• [INSTRUCTIONS TO FOLLOW]
Copy each line containing the word "roll" from the records that follow, please.

• [DATA EXTRACT]
*** Block opens ***

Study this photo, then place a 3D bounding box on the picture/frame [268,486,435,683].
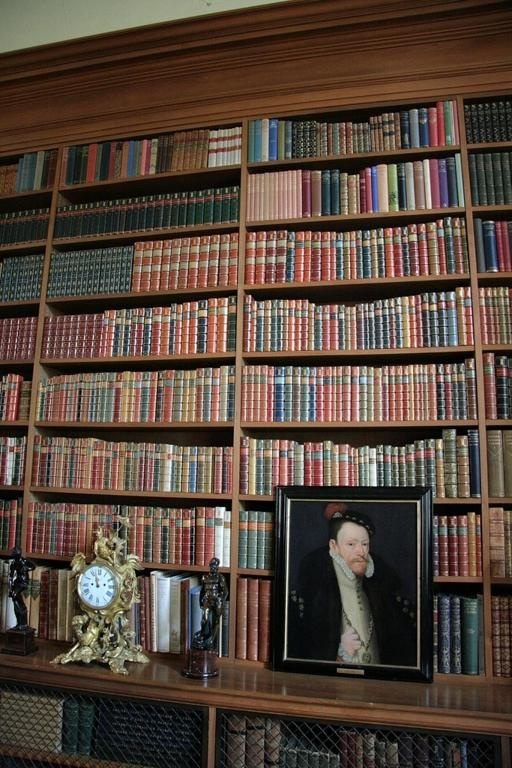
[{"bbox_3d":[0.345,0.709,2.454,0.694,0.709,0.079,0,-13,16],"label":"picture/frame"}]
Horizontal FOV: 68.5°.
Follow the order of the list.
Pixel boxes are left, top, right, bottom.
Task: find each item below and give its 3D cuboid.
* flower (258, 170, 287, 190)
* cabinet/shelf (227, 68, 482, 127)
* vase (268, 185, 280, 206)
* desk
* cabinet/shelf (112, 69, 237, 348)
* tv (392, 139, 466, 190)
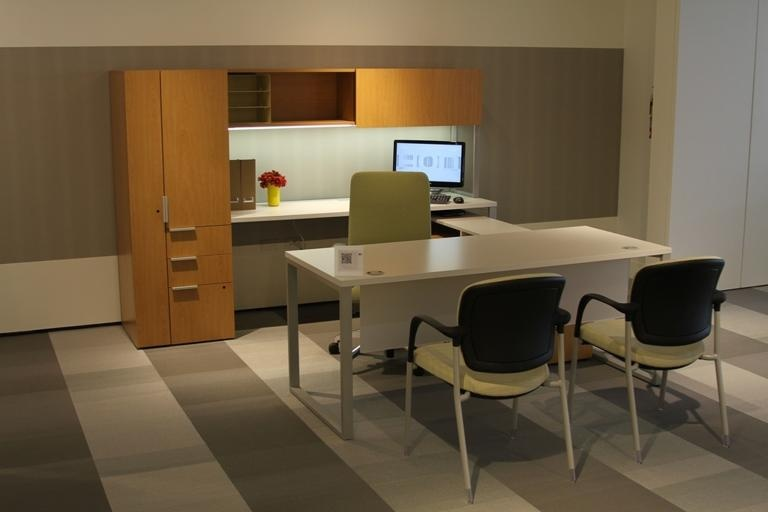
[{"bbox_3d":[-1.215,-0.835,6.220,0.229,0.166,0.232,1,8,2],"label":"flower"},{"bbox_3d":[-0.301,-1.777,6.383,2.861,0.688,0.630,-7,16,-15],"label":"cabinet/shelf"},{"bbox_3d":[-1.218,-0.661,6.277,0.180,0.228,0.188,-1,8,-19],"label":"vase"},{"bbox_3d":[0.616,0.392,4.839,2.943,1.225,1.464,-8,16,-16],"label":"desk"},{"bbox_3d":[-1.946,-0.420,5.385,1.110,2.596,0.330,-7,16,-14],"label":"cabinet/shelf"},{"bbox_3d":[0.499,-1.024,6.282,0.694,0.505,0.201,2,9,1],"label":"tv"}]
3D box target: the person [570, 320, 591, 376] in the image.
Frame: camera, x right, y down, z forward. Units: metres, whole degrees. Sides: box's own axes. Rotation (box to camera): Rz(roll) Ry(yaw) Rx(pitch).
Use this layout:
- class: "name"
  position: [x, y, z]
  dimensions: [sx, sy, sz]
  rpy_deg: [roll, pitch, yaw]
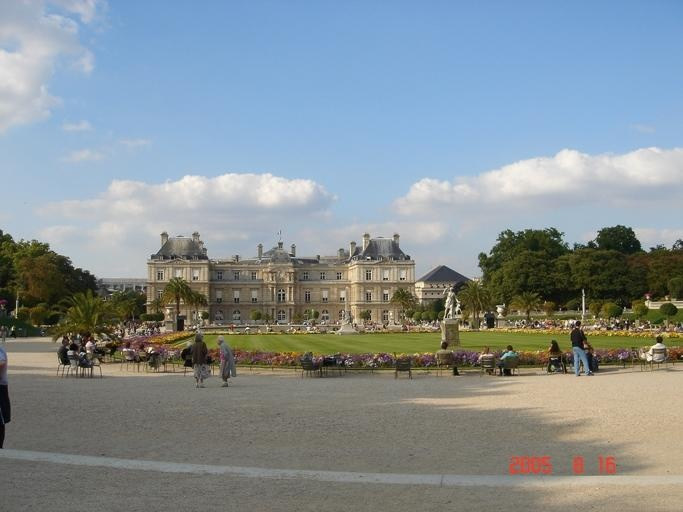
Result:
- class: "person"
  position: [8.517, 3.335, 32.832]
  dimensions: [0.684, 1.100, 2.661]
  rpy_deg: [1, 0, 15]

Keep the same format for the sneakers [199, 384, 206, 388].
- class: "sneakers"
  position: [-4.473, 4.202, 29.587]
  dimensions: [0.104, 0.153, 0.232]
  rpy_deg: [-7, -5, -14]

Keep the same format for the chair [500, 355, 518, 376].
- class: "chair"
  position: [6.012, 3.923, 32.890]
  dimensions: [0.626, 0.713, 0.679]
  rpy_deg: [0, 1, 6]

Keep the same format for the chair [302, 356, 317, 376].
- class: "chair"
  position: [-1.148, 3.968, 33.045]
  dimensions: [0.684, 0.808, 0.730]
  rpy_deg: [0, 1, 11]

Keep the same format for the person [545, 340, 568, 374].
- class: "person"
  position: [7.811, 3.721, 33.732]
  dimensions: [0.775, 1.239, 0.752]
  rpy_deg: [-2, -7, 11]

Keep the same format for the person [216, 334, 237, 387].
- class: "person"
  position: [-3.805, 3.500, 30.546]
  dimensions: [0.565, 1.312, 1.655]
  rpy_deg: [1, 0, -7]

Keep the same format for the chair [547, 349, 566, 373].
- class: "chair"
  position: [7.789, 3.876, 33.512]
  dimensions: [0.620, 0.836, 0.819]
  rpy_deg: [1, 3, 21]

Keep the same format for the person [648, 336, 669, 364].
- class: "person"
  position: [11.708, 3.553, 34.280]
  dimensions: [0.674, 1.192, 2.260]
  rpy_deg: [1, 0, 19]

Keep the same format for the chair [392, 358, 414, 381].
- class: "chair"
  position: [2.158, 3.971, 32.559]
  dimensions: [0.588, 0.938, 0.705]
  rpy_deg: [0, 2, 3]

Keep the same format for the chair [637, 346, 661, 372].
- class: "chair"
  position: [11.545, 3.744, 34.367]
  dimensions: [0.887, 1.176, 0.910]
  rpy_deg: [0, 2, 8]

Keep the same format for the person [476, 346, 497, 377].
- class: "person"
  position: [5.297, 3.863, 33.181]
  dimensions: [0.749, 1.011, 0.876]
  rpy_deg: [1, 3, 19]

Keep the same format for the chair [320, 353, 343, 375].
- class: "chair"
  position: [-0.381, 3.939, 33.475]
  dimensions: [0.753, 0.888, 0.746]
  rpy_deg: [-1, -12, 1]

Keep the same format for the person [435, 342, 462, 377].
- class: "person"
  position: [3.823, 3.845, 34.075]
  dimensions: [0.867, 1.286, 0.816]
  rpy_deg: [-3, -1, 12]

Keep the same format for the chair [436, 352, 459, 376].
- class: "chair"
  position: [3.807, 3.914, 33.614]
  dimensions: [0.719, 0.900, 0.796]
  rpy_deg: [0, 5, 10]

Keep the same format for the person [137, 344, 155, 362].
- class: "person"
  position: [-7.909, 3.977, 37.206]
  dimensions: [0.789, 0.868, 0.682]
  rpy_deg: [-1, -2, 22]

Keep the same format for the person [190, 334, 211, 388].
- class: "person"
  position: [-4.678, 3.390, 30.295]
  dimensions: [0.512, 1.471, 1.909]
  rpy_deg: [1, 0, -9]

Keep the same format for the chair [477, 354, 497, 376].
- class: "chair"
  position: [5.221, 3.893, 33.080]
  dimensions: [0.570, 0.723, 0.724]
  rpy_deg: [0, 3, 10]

*** Block closes ***

• [ANSWER SPACE]
Frame: camera, x right, y down, z forward. Units: metres, whole degrees. Sides: box's own axes. Rotation (box to camera): Rz(roll) Ry(yaw) Rx(pitch).
  rpy_deg: [roll, pitch, yaw]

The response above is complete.